We conclude that the analysis performed with PCLake supports the idea that climate change will negatively affect the transparency of temperate shallow lakes (Jeppesen et al., 2003; Mooij et al., 2005). In the first place, climate change is expected to lead to increased external loading. Second, the model predicts that the critical nutrient load during eutrophication will decrease. Together, this will increase the probability that a lake switches from the clear to the turbid state.

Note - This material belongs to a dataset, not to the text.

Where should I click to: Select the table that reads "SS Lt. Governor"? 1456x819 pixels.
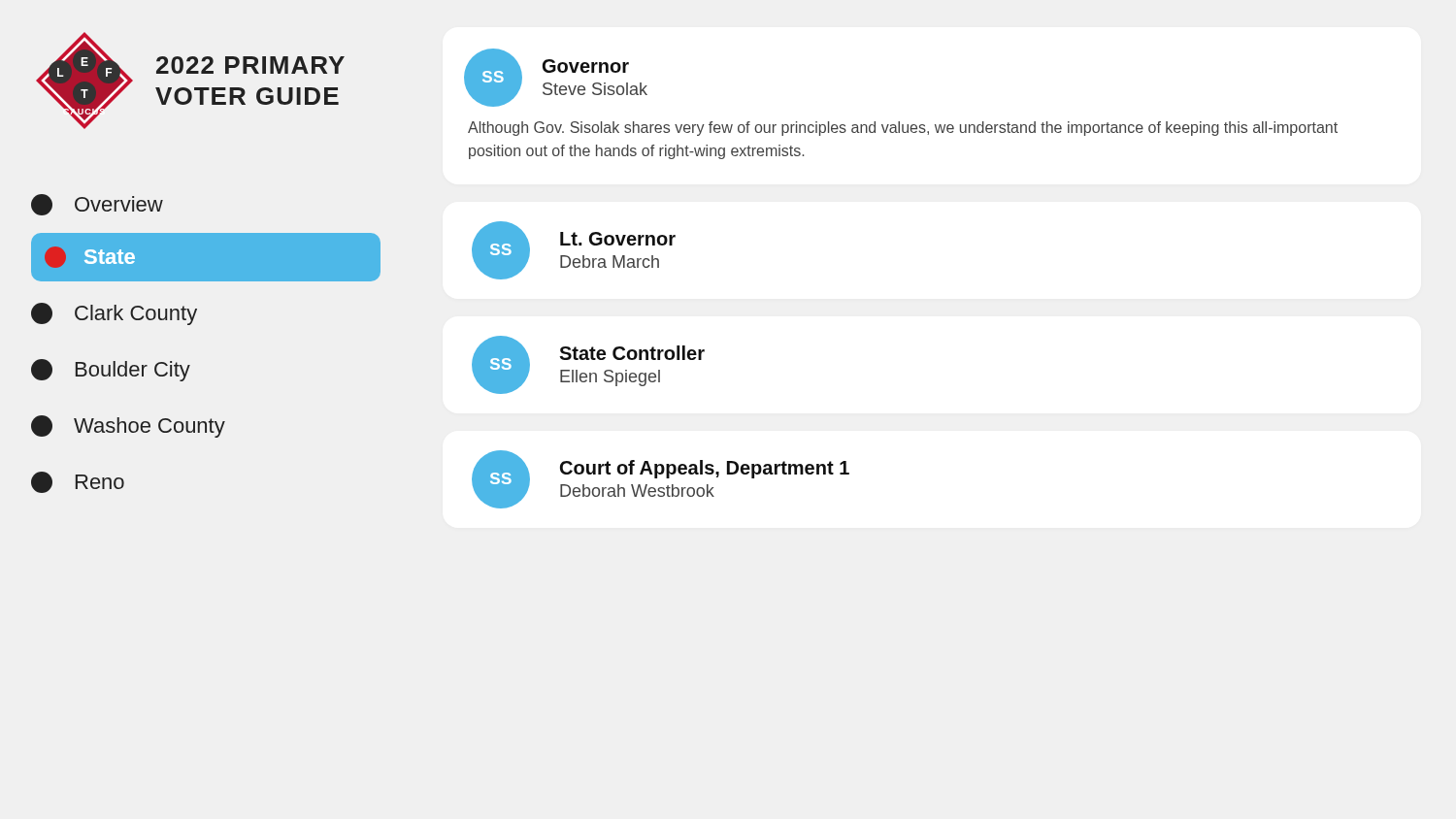[932, 250]
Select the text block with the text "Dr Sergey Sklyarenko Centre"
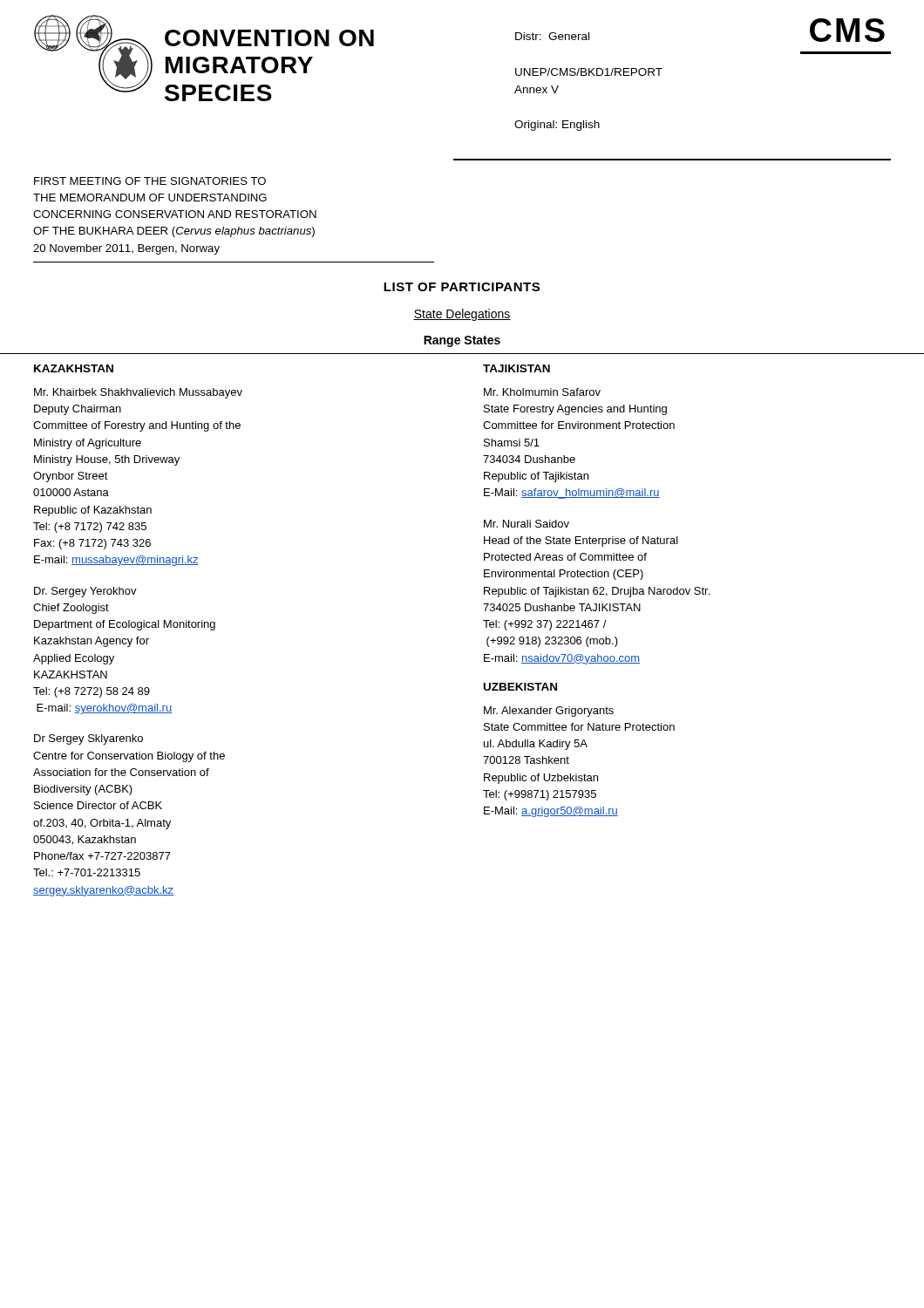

Third, according to the model’s prediction the turbid state will become even more turbid due to a higher summer chlorophyll-a concentration, stronger summer dominance of cyanobacteria and reduced abundance of zooplankton due to climate change. The model provides a consistent view of the chain of effects by which increased nutrient loading and increased temperature may entail the described effects, although the impacts on the food web are possibly over-simplified in the model. Further, climate-related factors such as wind and insolation were neglected in this approach, but theoretically could outweigh temperature effects on, e.g., cyanobacteria dominance. In future scenarios to be explored using coupled physical-biological ecosystem models these factors should be included to further deepen our understanding of climate impacts on aquatic ecosystems.